PROBLEM REQUIREMENTS: Using the listing below, set down exactly the lines from the one that contains "You are a computer-use" through the one that contains "Given: Locate the", with no pictures.

EXERCISE MATERIAL:
# # #

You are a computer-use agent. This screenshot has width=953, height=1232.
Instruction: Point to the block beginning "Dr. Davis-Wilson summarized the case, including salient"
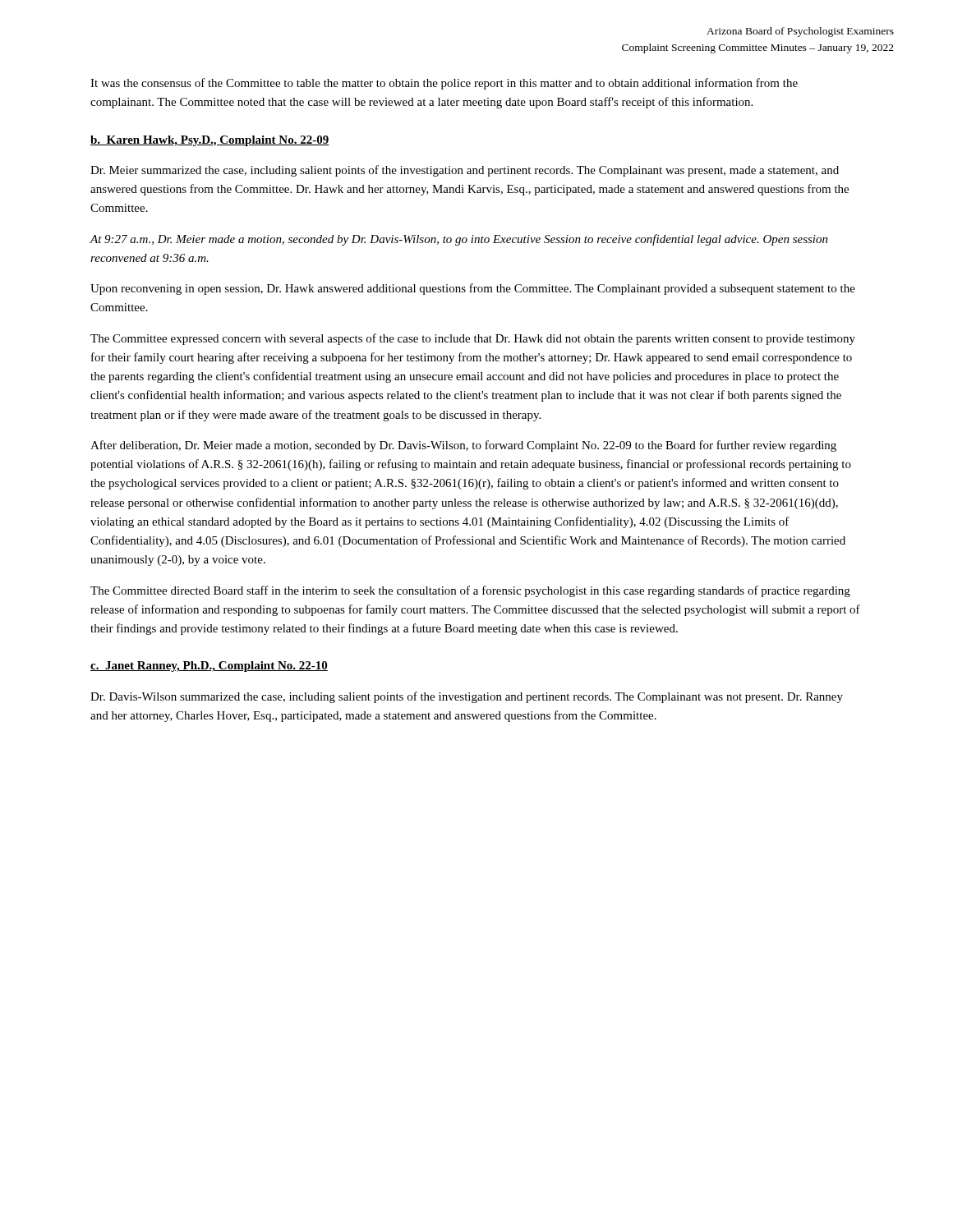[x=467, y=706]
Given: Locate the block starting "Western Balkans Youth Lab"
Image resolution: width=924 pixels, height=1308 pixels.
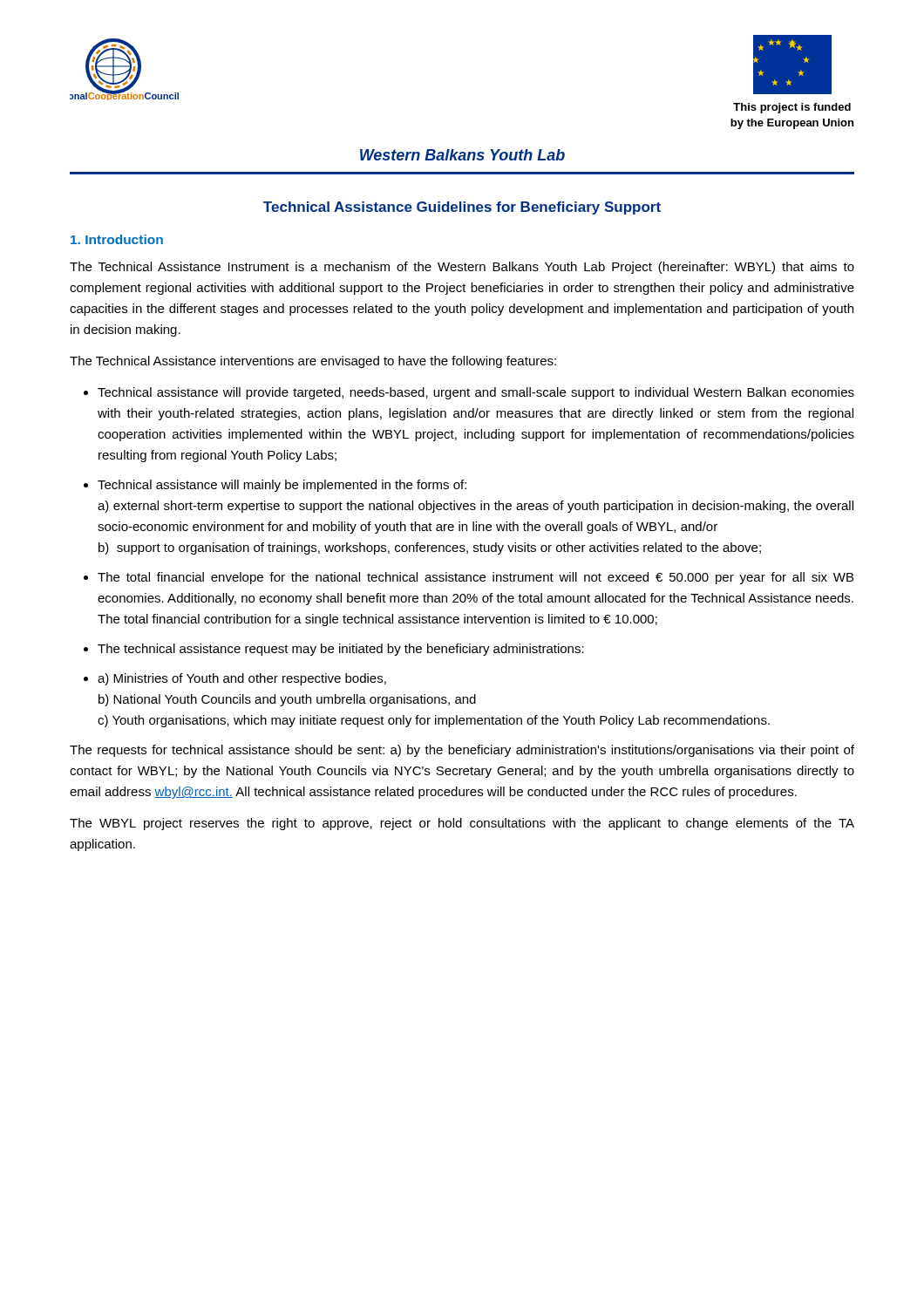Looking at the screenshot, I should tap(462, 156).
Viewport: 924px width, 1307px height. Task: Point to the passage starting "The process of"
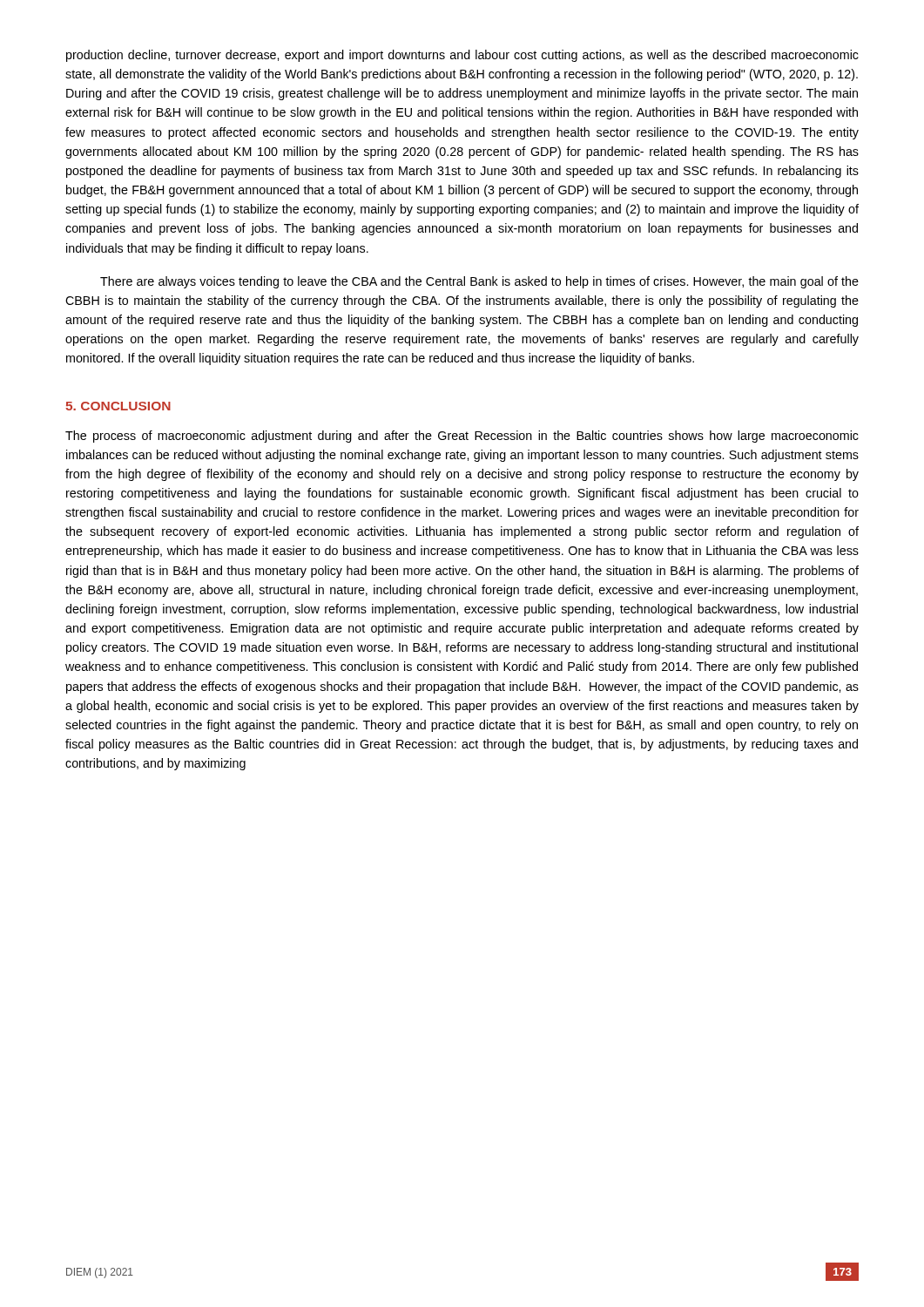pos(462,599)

# # #

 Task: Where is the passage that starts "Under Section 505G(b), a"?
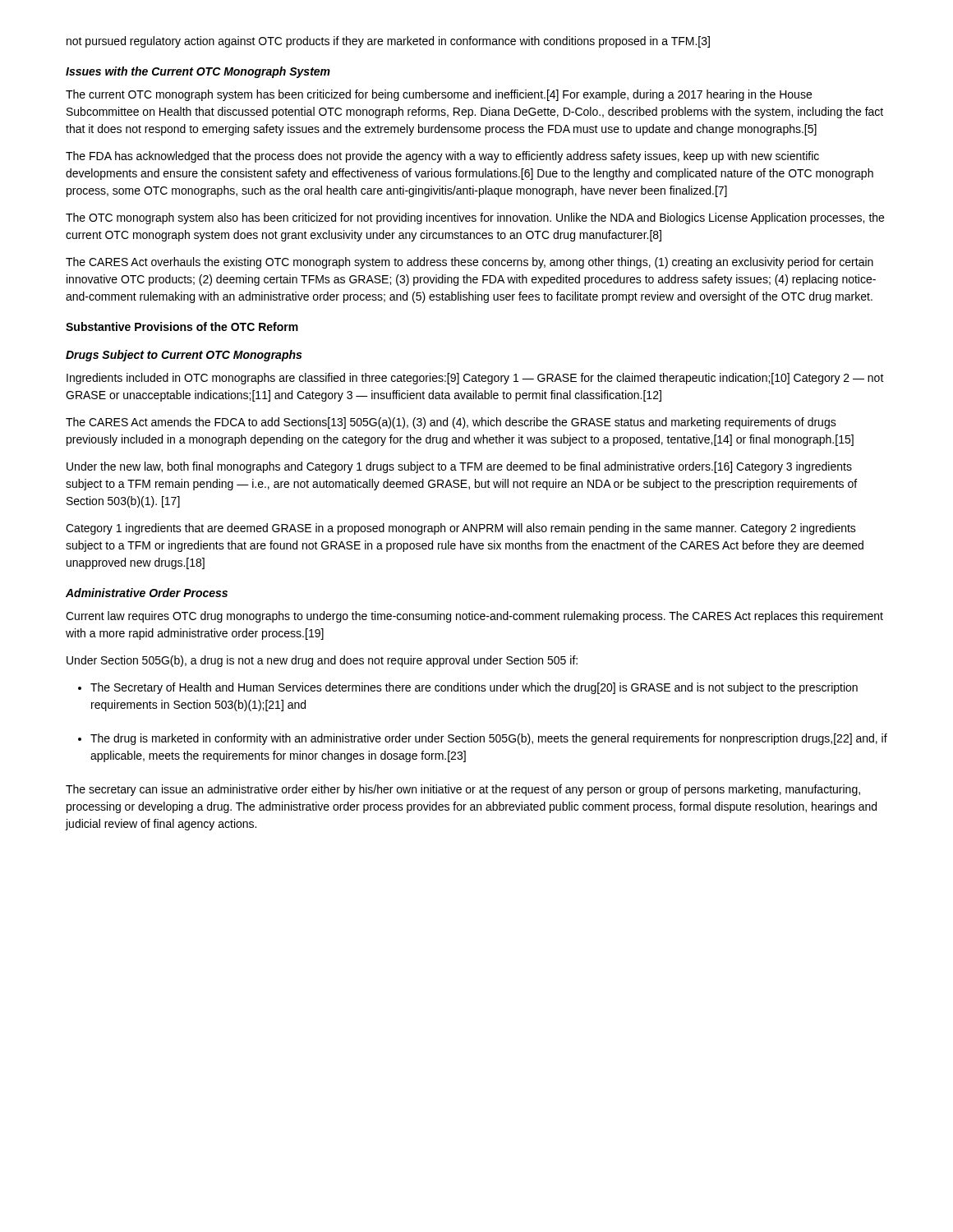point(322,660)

# # #

TASK RESPONSE:
You are a computer-use agent. This screenshot has width=953, height=1232.
Instruction: Point to the block beginning "Dr. Davis-Wilson summarized the case, including salient"
[x=467, y=706]
Given: Locate the block starting "Western Balkans Youth Lab"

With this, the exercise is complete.